## Exercise brief
Go to the line below containing "Can you run" and print exactly from there through the line containing "- sugar box [306,337,546,462]", both included. Print nothing else.

## Available data
↓
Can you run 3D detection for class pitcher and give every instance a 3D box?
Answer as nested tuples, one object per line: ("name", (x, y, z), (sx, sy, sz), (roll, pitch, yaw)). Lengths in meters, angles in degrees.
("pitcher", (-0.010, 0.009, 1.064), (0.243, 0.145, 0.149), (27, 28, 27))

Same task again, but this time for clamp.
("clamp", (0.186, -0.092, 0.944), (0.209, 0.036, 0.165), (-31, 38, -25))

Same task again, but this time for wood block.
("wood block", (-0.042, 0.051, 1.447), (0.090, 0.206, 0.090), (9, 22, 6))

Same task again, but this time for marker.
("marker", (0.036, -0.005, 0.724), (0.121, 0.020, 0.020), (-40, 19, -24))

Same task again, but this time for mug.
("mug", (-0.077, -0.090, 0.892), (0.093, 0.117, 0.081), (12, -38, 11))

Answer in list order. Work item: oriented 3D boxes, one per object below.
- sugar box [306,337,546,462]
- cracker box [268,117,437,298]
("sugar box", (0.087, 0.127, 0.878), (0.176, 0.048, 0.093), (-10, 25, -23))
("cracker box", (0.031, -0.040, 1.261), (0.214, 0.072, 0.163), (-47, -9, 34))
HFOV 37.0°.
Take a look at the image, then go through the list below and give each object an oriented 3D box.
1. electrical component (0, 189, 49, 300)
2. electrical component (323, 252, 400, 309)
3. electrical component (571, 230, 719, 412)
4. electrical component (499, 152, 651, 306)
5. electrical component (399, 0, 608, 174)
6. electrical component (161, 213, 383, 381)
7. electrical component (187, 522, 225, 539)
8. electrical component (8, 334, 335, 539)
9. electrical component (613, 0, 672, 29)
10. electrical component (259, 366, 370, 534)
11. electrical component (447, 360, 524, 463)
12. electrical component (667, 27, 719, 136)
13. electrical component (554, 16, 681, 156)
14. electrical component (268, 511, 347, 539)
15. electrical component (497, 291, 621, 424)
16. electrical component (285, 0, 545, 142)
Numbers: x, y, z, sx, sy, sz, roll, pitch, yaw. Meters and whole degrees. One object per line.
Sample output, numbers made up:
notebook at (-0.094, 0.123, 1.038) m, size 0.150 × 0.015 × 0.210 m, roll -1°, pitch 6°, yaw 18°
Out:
↑
↓
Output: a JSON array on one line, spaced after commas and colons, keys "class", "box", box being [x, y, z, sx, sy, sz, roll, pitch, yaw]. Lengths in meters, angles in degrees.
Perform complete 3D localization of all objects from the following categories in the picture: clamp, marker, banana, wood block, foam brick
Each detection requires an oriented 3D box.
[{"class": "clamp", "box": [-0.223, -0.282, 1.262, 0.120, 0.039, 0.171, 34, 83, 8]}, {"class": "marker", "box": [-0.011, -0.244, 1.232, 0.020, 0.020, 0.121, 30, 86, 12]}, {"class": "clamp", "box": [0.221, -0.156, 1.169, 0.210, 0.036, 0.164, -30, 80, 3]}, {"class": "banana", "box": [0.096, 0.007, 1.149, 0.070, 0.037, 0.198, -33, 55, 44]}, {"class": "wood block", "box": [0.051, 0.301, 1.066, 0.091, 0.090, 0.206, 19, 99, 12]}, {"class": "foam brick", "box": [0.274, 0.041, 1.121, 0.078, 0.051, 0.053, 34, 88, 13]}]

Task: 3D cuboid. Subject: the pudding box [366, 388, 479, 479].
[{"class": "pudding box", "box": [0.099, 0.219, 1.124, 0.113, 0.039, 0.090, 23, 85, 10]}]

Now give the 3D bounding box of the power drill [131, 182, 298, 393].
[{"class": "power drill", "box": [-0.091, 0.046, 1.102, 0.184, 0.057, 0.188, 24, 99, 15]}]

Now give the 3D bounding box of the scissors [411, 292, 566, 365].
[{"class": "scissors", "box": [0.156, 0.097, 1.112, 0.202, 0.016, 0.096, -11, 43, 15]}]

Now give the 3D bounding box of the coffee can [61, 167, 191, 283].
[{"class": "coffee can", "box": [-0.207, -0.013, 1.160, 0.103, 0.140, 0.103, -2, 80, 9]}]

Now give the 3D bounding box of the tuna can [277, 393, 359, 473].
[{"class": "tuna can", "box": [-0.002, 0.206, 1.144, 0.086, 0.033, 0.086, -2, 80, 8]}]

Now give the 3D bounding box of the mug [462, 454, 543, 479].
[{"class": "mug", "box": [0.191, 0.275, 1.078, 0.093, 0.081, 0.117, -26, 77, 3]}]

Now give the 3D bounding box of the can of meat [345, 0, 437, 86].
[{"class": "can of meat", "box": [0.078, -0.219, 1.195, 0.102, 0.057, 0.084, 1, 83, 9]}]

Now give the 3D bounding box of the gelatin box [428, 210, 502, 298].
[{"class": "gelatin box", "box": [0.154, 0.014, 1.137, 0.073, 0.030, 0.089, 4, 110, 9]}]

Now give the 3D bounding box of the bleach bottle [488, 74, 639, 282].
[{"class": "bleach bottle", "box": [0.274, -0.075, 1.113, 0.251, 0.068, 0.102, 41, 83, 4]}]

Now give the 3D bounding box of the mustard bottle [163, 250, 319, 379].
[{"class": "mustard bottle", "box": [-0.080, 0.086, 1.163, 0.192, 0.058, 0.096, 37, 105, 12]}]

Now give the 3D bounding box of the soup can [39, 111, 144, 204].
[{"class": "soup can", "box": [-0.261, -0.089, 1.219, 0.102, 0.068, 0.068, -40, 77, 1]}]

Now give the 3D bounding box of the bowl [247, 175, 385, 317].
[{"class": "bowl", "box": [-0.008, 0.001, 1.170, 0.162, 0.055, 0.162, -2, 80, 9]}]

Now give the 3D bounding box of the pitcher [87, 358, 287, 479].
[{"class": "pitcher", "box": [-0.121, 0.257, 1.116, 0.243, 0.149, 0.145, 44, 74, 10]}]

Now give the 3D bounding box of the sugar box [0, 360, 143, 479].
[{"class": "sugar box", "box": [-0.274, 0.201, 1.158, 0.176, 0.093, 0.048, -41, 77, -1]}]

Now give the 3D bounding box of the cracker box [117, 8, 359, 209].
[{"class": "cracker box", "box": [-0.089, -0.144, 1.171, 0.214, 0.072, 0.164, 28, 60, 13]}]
↑
## Task result
Can you run 3D detection for class pitcher and give every instance a 3D box?
Answer as nested tuples, one object per line: ("name", (x, y, z), (sx, sy, sz), (roll, pitch, yaw)). Lengths in meters, angles in degrees.
("pitcher", (-0.010, 0.009, 1.064), (0.243, 0.145, 0.149), (27, 28, 27))

Same task again, but this time for clamp.
("clamp", (0.186, -0.092, 0.944), (0.209, 0.036, 0.165), (-31, 38, -25))

Same task again, but this time for wood block.
("wood block", (-0.042, 0.051, 1.447), (0.090, 0.206, 0.090), (9, 22, 6))

Same task again, but this time for marker.
("marker", (0.036, -0.005, 0.724), (0.121, 0.020, 0.020), (-40, 19, -24))

Same task again, but this time for mug.
("mug", (-0.077, -0.090, 0.892), (0.093, 0.117, 0.081), (12, -38, 11))

Answer in list order. Work item: oriented 3D boxes, one per object below.
- sugar box [306,337,546,462]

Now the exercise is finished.